• _Data to use_
----

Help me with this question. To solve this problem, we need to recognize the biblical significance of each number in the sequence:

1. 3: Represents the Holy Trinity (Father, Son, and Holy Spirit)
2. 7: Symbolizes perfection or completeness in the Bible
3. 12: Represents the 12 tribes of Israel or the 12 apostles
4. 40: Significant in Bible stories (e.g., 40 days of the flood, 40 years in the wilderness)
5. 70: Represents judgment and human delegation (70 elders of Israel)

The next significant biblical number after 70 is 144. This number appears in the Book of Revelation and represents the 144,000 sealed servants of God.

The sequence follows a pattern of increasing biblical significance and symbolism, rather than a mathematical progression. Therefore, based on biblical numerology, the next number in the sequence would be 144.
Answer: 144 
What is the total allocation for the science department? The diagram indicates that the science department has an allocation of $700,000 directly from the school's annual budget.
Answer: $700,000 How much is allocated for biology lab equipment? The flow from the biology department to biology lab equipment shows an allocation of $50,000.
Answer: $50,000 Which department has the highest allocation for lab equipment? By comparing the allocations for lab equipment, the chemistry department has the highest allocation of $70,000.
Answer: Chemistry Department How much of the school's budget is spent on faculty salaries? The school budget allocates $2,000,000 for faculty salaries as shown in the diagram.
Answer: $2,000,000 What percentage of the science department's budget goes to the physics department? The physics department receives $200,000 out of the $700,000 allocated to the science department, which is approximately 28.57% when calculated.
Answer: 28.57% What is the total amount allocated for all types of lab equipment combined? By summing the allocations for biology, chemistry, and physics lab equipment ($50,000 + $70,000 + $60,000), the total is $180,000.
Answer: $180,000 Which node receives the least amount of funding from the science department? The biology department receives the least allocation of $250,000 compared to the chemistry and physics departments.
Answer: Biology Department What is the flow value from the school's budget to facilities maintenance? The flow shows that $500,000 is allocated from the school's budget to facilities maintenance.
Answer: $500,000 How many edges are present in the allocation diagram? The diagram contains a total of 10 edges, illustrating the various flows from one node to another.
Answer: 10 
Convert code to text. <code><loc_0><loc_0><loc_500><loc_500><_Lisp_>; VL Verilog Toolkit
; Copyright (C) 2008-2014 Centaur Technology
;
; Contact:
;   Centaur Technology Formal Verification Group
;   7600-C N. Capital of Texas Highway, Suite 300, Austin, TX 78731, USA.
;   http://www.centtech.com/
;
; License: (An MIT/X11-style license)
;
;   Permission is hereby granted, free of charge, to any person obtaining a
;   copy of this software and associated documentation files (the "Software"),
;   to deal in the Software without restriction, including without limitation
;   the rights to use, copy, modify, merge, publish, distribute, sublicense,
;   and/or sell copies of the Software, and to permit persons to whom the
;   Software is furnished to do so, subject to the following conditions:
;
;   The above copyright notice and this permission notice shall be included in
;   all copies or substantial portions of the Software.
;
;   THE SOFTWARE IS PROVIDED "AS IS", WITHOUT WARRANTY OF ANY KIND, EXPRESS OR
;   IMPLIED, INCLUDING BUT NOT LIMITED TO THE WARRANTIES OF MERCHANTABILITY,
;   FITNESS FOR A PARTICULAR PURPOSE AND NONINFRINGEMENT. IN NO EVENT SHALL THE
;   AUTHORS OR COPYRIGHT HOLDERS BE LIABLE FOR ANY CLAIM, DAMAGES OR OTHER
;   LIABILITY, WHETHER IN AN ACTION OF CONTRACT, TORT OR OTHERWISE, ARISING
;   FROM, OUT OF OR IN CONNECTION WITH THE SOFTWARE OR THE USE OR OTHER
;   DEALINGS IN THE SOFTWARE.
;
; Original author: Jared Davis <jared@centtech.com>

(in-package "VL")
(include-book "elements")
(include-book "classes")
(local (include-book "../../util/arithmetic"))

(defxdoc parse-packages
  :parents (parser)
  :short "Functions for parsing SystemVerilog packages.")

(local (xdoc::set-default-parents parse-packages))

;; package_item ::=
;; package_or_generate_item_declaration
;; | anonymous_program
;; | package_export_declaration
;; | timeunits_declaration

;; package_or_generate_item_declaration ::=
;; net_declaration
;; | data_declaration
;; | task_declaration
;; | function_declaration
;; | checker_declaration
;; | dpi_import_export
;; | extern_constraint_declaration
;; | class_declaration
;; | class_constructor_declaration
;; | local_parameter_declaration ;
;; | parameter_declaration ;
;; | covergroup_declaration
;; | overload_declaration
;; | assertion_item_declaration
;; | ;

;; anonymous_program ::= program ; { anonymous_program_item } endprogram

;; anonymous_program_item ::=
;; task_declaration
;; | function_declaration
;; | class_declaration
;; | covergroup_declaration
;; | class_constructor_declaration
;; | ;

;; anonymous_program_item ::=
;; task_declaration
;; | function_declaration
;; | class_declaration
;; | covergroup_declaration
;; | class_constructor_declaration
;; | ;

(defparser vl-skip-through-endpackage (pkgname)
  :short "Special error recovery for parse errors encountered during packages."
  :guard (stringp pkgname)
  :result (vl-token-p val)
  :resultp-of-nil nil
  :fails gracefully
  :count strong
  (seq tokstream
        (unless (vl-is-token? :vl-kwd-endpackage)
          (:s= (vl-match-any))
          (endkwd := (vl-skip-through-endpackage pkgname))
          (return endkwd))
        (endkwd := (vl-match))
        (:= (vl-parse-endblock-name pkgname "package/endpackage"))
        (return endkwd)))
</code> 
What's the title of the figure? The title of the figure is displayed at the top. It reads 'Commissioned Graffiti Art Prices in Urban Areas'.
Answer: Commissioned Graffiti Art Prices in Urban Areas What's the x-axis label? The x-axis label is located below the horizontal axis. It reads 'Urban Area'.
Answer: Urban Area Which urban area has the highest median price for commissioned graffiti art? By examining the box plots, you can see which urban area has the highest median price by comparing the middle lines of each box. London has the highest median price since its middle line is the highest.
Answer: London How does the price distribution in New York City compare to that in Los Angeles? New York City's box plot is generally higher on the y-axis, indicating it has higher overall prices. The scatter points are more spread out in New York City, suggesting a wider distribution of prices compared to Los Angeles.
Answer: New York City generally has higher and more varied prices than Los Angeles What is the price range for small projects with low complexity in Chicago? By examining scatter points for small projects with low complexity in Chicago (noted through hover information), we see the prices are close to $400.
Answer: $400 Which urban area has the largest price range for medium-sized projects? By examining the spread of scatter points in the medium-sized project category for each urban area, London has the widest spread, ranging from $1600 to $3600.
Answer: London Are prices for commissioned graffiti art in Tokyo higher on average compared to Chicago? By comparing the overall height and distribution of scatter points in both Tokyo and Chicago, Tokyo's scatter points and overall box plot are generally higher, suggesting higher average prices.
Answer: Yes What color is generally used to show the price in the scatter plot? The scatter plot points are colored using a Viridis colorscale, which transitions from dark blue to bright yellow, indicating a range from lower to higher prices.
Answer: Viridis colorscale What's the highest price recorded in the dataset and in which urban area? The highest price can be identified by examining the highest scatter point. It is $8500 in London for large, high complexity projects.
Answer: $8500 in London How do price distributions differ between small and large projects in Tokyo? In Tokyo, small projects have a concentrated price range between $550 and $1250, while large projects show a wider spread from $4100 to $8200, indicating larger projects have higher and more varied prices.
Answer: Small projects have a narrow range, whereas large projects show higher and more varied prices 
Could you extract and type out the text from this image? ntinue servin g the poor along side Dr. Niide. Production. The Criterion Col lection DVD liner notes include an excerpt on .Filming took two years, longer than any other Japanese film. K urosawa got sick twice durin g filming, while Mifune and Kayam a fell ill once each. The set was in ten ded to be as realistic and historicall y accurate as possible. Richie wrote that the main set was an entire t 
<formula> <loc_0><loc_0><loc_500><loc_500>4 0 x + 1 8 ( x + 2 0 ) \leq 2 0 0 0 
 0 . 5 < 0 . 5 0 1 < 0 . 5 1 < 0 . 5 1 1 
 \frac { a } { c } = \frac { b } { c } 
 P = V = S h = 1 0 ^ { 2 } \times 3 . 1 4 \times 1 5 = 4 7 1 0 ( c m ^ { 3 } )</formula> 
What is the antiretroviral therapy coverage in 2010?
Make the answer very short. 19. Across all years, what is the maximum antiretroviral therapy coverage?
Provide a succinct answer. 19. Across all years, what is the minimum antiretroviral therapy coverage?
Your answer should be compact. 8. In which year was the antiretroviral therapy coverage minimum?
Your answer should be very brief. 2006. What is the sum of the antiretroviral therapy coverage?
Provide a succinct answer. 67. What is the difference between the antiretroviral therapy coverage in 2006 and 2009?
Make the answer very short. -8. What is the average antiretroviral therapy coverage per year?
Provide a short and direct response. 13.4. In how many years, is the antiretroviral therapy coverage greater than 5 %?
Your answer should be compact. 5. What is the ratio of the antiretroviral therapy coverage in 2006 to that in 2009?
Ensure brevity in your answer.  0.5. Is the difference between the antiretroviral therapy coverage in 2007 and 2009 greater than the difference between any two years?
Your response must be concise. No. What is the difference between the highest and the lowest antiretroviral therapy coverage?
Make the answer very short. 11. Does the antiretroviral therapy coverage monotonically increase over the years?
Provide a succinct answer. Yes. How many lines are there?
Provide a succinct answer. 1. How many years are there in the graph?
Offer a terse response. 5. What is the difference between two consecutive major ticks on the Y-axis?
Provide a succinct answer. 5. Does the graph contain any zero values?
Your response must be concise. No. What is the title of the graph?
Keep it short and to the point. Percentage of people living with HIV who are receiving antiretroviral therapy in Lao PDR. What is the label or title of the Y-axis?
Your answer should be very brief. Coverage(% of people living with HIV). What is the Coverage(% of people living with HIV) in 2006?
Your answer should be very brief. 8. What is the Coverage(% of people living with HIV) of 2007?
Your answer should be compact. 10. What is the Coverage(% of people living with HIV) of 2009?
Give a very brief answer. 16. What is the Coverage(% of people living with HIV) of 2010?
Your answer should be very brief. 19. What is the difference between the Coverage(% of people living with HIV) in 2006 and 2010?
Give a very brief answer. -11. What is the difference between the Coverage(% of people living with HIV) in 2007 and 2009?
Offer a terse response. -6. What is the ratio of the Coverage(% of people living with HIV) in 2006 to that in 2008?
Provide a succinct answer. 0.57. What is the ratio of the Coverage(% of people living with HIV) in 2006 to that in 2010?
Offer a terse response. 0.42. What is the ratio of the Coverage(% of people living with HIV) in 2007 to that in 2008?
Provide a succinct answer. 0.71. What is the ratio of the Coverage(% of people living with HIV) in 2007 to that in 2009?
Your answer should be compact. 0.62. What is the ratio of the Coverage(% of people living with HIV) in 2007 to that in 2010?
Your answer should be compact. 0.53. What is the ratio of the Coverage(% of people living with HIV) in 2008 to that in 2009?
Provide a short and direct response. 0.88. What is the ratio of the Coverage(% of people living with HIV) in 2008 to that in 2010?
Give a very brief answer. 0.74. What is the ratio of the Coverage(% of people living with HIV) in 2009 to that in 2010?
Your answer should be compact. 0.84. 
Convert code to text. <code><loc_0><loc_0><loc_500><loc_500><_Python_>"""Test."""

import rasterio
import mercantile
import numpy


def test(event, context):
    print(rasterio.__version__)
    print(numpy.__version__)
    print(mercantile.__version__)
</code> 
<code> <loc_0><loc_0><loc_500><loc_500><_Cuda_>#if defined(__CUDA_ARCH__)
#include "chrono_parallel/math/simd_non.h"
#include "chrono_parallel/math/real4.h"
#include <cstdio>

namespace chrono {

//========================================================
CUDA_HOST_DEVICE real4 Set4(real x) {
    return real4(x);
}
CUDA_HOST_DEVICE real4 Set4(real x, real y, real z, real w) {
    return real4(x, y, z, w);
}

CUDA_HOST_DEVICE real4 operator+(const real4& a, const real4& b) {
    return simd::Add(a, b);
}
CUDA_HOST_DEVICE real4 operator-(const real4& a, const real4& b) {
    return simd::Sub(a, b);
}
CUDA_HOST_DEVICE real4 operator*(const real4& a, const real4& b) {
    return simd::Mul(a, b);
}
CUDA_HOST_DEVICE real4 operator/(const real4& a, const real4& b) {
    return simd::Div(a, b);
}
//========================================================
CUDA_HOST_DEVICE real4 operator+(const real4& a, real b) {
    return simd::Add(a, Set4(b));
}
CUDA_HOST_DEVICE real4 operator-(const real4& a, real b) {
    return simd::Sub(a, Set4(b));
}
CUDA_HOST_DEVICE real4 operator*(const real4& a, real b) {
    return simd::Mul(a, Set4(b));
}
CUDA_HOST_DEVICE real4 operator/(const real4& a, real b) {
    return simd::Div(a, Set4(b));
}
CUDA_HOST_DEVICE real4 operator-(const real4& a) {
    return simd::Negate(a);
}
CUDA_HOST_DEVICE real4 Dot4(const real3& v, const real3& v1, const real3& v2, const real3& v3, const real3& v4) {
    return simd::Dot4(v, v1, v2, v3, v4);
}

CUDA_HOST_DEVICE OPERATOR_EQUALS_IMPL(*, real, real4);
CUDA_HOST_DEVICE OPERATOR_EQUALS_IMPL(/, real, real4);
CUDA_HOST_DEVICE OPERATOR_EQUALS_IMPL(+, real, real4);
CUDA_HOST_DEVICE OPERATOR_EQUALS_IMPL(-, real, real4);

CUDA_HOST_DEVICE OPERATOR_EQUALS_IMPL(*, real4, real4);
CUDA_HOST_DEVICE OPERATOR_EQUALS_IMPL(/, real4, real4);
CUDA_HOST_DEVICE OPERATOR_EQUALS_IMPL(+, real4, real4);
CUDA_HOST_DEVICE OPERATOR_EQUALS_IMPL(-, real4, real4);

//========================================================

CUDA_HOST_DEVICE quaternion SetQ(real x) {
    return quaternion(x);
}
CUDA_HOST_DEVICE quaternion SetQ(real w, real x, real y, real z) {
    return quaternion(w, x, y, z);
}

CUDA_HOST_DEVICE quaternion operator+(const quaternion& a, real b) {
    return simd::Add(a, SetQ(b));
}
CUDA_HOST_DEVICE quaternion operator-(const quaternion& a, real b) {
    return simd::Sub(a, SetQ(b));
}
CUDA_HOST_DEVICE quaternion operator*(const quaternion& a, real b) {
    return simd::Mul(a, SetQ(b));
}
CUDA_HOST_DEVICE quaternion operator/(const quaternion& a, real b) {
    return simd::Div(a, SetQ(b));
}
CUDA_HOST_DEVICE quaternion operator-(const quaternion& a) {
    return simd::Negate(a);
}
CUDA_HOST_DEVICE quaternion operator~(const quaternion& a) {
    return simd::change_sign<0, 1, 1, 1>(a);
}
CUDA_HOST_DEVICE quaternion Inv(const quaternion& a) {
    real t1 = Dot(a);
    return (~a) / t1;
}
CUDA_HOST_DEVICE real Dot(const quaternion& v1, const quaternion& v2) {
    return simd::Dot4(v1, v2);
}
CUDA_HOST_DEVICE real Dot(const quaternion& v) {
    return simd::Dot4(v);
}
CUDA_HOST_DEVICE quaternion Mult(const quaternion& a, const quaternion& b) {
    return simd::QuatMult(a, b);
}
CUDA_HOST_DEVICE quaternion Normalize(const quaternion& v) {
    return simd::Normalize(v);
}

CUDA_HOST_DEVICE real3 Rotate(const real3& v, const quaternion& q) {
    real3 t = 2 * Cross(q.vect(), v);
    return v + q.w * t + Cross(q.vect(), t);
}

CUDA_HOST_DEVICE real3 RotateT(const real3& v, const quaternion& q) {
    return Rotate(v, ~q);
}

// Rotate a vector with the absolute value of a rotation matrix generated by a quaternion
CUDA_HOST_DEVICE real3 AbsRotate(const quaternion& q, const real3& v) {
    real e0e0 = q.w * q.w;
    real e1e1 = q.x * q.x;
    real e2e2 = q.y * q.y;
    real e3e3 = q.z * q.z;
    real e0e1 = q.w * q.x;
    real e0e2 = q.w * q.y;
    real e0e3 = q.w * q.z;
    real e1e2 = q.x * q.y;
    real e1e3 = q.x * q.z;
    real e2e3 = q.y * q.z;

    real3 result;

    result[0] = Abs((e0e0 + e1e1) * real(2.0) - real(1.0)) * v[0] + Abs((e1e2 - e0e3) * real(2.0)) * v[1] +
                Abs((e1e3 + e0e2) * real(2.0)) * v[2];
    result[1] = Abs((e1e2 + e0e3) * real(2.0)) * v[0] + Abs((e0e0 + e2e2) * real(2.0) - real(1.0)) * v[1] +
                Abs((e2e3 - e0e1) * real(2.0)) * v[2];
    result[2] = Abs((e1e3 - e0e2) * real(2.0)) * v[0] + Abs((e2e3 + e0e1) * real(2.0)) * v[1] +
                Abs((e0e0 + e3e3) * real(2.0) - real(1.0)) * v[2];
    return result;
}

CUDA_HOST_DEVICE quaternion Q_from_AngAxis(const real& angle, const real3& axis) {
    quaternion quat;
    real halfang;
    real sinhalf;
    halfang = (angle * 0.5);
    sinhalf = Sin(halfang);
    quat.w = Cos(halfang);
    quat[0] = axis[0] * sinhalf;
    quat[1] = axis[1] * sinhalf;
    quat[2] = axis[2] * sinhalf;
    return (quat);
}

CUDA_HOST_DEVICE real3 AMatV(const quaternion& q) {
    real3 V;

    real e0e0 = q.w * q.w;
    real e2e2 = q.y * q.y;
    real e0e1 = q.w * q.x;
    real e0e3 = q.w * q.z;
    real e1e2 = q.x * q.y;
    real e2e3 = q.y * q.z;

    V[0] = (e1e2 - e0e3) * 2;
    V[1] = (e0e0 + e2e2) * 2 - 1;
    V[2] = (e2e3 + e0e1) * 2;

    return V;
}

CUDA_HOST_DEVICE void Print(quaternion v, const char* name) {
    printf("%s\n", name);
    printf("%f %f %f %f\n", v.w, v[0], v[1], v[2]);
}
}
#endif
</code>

----

Print exactly the lines from the one with "halfang = (angle * 0.5);" through the last line of the material, including both, and no others.

    halfang = (angle * 0.5);
    sinhalf = Sin(halfang);
    quat.w = Cos(halfang);
    quat[0] = axis[0] * sinhalf;
    quat[1] = axis[1] * sinhalf;
    quat[2] = axis[2] * sinhalf;
    return (quat);
}

CUDA_HOST_DEVICE real3 AMatV(const quaternion& q) {
    real3 V;

    real e0e0 = q.w * q.w;
    real e2e2 = q.y * q.y;
    real e0e1 = q.w * q.x;
    real e0e3 = q.w * q.z;
    real e1e2 = q.x * q.y;
    real e2e3 = q.y * q.z;

    V[0] = (e1e2 - e0e3) * 2;
    V[1] = (e0e0 + e2e2) * 2 - 1;
    V[2] = (e2e3 + e0e1) * 2;

    return V;
}

CUDA_HOST_DEVICE void Print(quaternion v, const char* name) {
    printf("%s\n", name);
    printf("%f %f %f %f\n", v.w, v[0], v[1], v[2]);
}
}
#endif
</code>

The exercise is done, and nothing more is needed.